A visão de Letícia sobre o que é “certo e errado”, ”bem e mal” tem grande influência da sua religião. “Procuro seguir aquilo que Cristo nos deixou, em especial os 10 Mandamentos, e estar em comunhão com a doutrina da Igreja Católica. Isso seria o certo dentro do catolicismo. Ir contra o que citei anteriormente é errado. Em relação ao bem e ao mal, é algo muito ‘aberto’, e não temos autoridade de julgar algo ou alguém como do bem ou do mal, em meu ponto de vista,” ensina.

Assim como Letícia, Rafaela Teodoro, 24 anos, acredita em Deus como um ser poderoso e único. A jovem frequenta o culto de uma a três vezes por semana. Há 20 anos, se identifica como evangélica. E não foi influência familiar. Inicialmente, ia acompanhada de uma vizinha, e na adolescência, apenas ela possuía essa crença na família. Só mais tarde, sua mãe se converteu à religião evangélica.

Atualmente, a jovem faz parte do ministério de louvor, na parte musical da igreja e é professora de adolescentes na escola bíblica. Costuma manifestar sua religião até mesmo pelas redes sociais. No tiktok, posta algumas reflexões, interpretações de passagens bíblicas e louvores. “As postagens são algo sem compromisso, mas vejo como uma oportunidade de propagar a minha crença para quem tem interesse”.

Em geral, as vestimentas de pessoas evangélicas são mais longas. Rafaela disse não saber o quanto esse “costume” influenciou no seu modo de vestir. De acordo com ela, fica difícil identificar onde começa seu gosto pessoal e o que faz parte do seu princípio. “Nunca me senti bem com roupas que, de alguma forma, deixam meu corpo exposto, o que também é um princípio bíblico. Porém, não gosto de roupas longas ou neutras, o que vai na contramão do esperado, por influência”.

Desde criança, a religião passou a fazer parte da sua identidade. Rafaela destacou que, nessa fase, percebeu que sentia algo diferente quando estava na igreja, e que amava o Jesus que foi apresentado à ela, sempre querendo compartilhar essa experiência com seus amigos.

Desde criança, a religião passou a fazer parte da sua identidade. Rafaela destacou que, nessa fase, percebeu que sentia algo diferente quando estava na igreja, e que amava o Jesus que foi apresentado à ela, sempre querendo compartilhar essa experiência com seus amigos

Destaca que a religião em sua vida cotidiana e em sua história pessoal é algo fundamental, e que suas principais características, sua conduta e seu caráter estão sendo constantemente moldados pelo que aprende ao ler a bíblia. “Sou exatamente essa Rafaela de hoje por sempre pensar ‘O que Jesus faria nesse momento?’, ‘O que ele pensaria?’, ‘Como posso não envergonhá-lo nessa situação?’” A jovem considera o evangelho, não a religião ou igreja, como algo essencial em sua vida.

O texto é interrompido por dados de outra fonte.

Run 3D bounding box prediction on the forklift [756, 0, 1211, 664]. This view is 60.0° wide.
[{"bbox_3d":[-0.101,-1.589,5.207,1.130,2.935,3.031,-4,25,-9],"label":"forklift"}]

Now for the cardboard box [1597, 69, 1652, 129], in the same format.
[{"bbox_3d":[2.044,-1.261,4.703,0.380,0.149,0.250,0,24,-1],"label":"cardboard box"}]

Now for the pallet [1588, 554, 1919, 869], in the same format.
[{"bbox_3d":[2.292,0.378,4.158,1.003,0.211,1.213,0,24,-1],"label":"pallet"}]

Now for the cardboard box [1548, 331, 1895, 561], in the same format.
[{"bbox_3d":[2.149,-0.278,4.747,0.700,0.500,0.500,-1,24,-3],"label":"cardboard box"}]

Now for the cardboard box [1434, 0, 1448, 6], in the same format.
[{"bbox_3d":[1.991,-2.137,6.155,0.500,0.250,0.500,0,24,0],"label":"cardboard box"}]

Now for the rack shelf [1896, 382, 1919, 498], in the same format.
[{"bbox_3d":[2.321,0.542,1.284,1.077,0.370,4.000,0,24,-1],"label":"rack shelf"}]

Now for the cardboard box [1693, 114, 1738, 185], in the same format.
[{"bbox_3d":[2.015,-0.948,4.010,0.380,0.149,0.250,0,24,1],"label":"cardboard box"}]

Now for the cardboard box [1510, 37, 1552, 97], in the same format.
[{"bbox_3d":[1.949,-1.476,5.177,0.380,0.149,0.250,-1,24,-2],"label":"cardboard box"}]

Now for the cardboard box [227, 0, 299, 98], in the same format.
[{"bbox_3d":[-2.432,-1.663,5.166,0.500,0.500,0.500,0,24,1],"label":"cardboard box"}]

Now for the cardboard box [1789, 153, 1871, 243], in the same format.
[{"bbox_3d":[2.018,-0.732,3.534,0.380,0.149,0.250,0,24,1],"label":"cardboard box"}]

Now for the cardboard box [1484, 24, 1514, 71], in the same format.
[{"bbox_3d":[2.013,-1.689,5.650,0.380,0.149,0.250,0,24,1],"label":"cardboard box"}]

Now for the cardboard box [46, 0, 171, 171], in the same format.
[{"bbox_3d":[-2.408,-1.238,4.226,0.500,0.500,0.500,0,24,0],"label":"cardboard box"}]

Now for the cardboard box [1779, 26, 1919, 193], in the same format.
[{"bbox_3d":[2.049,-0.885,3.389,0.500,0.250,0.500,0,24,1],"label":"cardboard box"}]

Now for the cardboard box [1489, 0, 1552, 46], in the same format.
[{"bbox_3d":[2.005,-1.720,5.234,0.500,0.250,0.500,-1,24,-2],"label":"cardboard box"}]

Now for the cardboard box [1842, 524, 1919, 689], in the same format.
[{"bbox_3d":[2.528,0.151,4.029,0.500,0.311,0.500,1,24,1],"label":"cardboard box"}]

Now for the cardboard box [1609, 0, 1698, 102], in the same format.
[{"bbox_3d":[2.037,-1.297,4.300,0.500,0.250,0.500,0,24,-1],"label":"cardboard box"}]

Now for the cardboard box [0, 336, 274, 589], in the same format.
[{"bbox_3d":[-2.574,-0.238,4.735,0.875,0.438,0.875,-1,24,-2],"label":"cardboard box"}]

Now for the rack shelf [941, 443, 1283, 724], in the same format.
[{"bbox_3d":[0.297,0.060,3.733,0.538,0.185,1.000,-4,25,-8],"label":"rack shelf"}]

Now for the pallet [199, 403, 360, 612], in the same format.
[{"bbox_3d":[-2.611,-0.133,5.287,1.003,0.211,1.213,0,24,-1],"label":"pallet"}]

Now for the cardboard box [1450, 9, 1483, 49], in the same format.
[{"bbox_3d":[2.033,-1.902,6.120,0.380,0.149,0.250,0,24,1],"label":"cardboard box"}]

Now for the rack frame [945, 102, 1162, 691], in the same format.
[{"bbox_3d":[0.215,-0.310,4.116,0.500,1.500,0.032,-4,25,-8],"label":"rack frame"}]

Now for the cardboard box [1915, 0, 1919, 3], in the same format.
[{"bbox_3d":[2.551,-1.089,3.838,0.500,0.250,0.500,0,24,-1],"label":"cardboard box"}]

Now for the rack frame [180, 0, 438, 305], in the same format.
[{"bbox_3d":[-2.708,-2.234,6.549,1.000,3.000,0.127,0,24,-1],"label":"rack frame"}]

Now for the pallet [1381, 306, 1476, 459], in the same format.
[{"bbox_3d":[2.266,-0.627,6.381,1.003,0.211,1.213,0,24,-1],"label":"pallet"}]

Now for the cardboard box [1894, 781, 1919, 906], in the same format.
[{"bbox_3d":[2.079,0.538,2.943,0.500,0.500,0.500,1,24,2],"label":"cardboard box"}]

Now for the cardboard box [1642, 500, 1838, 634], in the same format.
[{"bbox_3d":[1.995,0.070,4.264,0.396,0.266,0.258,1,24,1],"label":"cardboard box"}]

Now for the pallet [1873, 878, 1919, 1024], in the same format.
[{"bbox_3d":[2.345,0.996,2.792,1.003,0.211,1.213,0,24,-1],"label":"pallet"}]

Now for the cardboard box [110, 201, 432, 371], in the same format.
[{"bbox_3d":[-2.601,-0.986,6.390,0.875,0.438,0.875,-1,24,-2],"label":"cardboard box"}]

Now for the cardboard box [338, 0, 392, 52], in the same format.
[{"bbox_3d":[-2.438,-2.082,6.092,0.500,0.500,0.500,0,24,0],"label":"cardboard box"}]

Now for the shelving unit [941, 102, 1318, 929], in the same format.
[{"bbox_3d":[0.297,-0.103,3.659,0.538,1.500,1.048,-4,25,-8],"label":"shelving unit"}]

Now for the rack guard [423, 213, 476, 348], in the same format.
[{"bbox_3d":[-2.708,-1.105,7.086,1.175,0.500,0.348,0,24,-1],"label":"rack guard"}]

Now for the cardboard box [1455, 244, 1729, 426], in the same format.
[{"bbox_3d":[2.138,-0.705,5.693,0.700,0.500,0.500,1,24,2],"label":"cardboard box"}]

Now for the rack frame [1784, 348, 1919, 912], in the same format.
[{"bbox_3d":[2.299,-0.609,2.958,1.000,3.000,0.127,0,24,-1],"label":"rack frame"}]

Em geral, os fiéis e praticantes de religiões distintas, ou mesmo entre aqueles cuja fé não é em um ser divino, nota-se pelo menos um ponto em comum: em algum momento, o impacto da crença é muito profundo. É como se a fé, a crença mais profunda das pessoas, atuasse como parte essencial da construção da sua identidade individual. Ela age desde a sensação de pertencimento à uma religião até a descoberta e a identificação com outra.

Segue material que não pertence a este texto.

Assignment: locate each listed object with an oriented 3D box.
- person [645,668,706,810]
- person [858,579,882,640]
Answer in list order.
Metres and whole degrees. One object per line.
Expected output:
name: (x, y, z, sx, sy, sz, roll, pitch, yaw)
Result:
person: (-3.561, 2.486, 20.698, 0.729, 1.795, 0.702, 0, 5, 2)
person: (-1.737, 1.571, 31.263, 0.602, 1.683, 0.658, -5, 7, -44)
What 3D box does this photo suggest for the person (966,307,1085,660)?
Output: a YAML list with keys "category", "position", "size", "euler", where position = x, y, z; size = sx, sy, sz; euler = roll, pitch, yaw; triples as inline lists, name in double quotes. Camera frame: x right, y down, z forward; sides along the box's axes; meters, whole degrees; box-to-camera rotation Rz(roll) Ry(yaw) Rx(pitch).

Relatos como de Bruno que passou por processo intenso para se reconhecer em sua própria fé; do ex-coroinha, Felipe, que experimentou diferentes fés e se encontrou na Umbanda; Rafaela, evangélica desde a infância; Letícia, cujas palavras apontam como a crença religiosa molda suas escolhas; mostram como a crença ou descrença impactam intensamente na nossa forma de agir, falar, pensar, se conectar, se posicionar e se reconhecer.

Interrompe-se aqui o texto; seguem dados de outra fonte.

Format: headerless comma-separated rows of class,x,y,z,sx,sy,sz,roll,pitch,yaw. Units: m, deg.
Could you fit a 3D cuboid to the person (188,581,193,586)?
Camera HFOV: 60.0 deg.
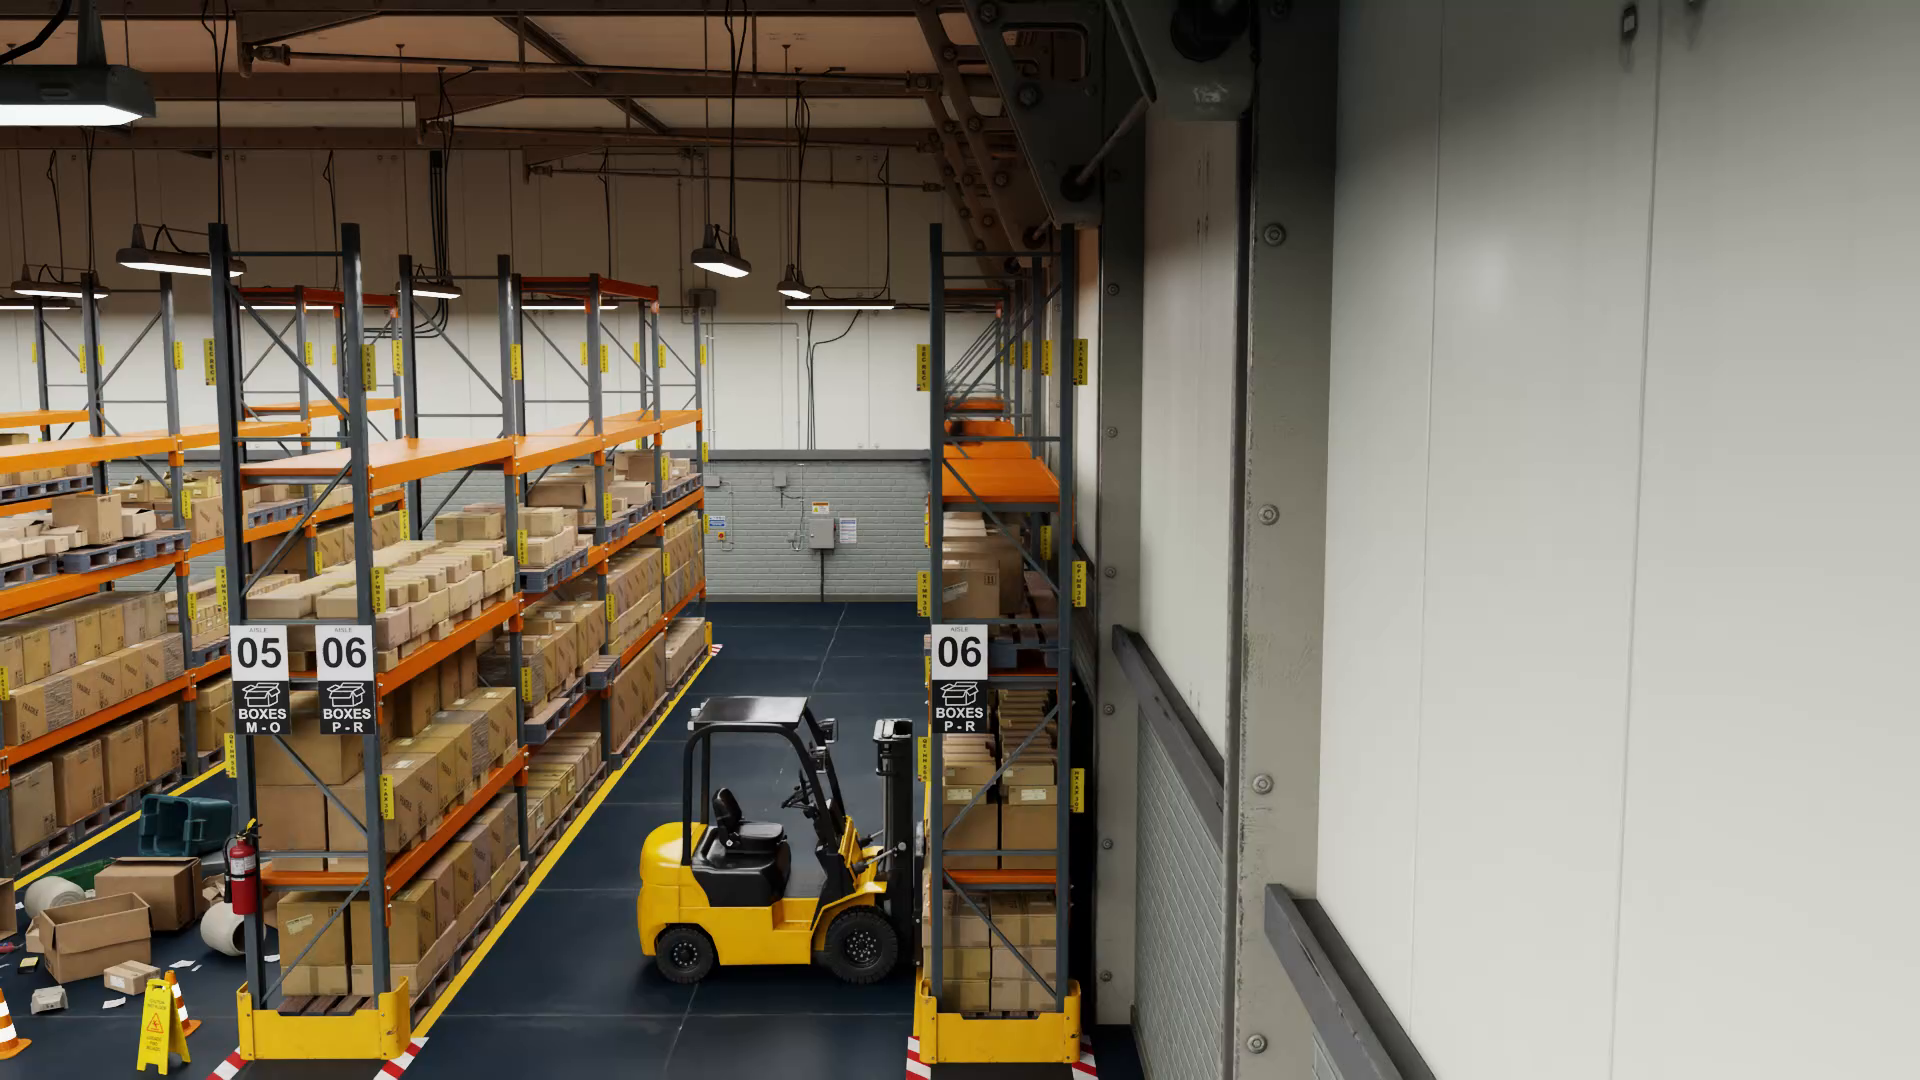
person,-11.511,1.415,25.366,0.699,1.697,1.023,1,7,11

Essas narrativas são algumas  formas de enxergar como  as religiões – suas crenças, paradigmas, proposições, normas, exigências – se expandem e atravessam barreiras, sem se limitarem a orações, rezas ou espaços de culto. As crenças e princípios religiosos parecem ter uma enorme influência na construção e na percepção da própria identidade e existência no mundo. Muitas vezes, é na religião que os fiéis encontram as respostas que tanto procuram e fazem sanar as dúvidas da vida. Seja por meio da presença ativa ou no silêncio interior, a religiosidade molda comportamentos e consola diante das dificuldades.